Ingesting RDS snapshot into the Data Platform Landing Zone

This guide explains the process of ingesting data from a RDS instance in the AWS API accounts to the Data Platform landing zone by creating db snapshots.

Add rds instance id to the environment variables

In this section, you will be adding the rds instance id to the environment variables in Terraform, which will provision the necessary resources in AWS to create an event subscription on that database instance. Therefore, each time a database snapshot is created, it will begin the process of ingesting that data into the Data Platform landing zone.

  • Ensure you have access to the Data Platform repository
  • Login to the AWS management console for the account where the rds instance is located (for UPRN this will be ProductionAPIs)
    • Currently, the deployment is set up to only deploy to the Staging and Production API accounts. This will be refactored to allow us to release into multiple accounts
  • Search for RDS and select
  • Select DB Instances in the Resources section
  • Copy the DB identifier of the database you want to ingest
  • Navigate to prod.tfvars in the config/terraform directory and click the pencil icon to edit the file
  • Add the Db Identifier to the rds_instance_ids environment variable by pasting it to the end of the list as shown below. Ensure you do not remove existing instance ids and that each instance id is double-quoted and comma separated.
rds_instance_ids = ["rds-instance-1", "rds-instance-2", "YOUR_DB_INSTANCE_ID"]
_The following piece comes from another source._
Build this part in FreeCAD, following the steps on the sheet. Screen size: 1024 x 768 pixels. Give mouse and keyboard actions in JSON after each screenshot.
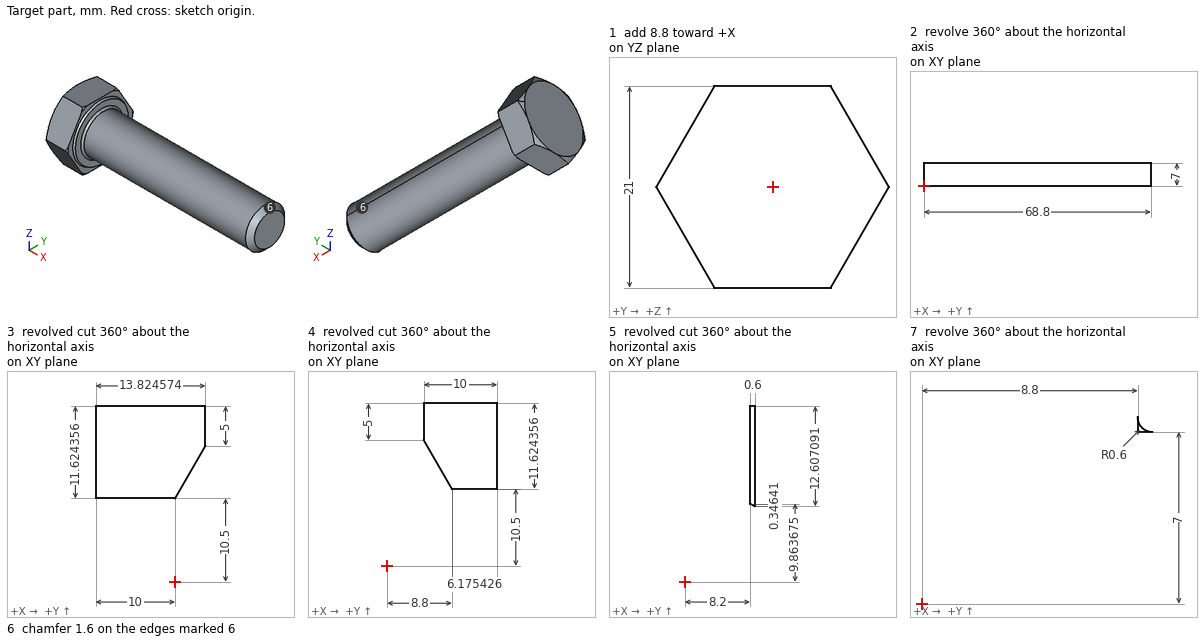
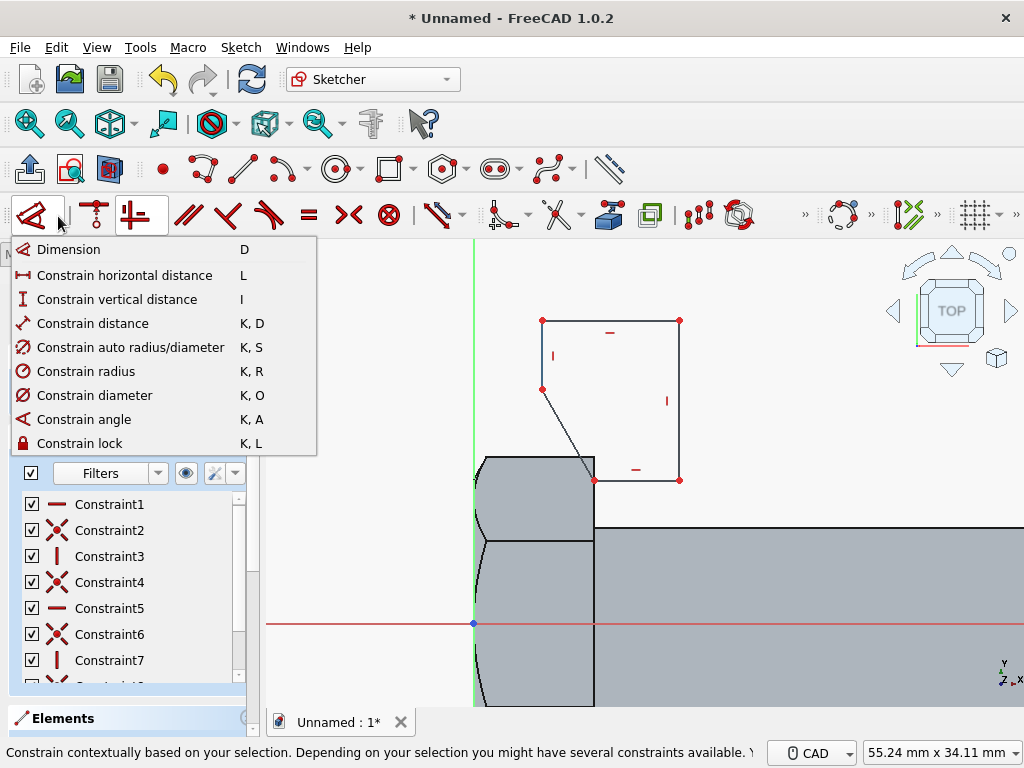
{"action": "left_click", "coordinate": [164, 299]}

The rds_instance_ids environment variable lists all the RDS instances that are configured to ingest into the Data Platform landing zone

  • Once the rds instance id has been added, submit your changes by referring to the Committing changes section of the Using Github guide. The Data Platform team needs to approve any changes to the code that you make, so your change won't happen automatically.

Create a snapshot of the rds instance

Once your pull request has been approved and released to production, you will need to log in to the AWS account where your RDS instance exists to create a snapshot of it. The creation of this snapshot will trigger the ingestion process of the data into the Data Platform landing zone.

  • Search for RDS and select

  • On the sidebar, select Snapshots

  • Select Take snapshot on the Manual tab

  • On Take a Snapshot page, use the DB Instance drop down and select the rds instance id as your DB instance

    In the Snapshot Name input field, enter a unique name for your snapshot according to the following convention: dataplatform-YYYY-MM-DD-rds_instance_id. See example below:

    dataplatform-2021-05-15-golive-db

    If you're creating more than one snapshot to be ingested on the same day, you would need to make the snapshot name unique by adding a snapshot_version after the date according to the following convention: dataplatform-YYYY-MM-DD-snapshot_version-rds_instance_id. For example if this is your second snapshot in the same day, you can name as follows:

    dataplatform-2021-05-15-v2-golive-db
  • Select Take snapshot

  • The snapshot should immediately appear in the Manual snapshots list under the Manual tab

  • The snapshot is complete when it has a Snapshot creation time (this will take a few minutes to complete)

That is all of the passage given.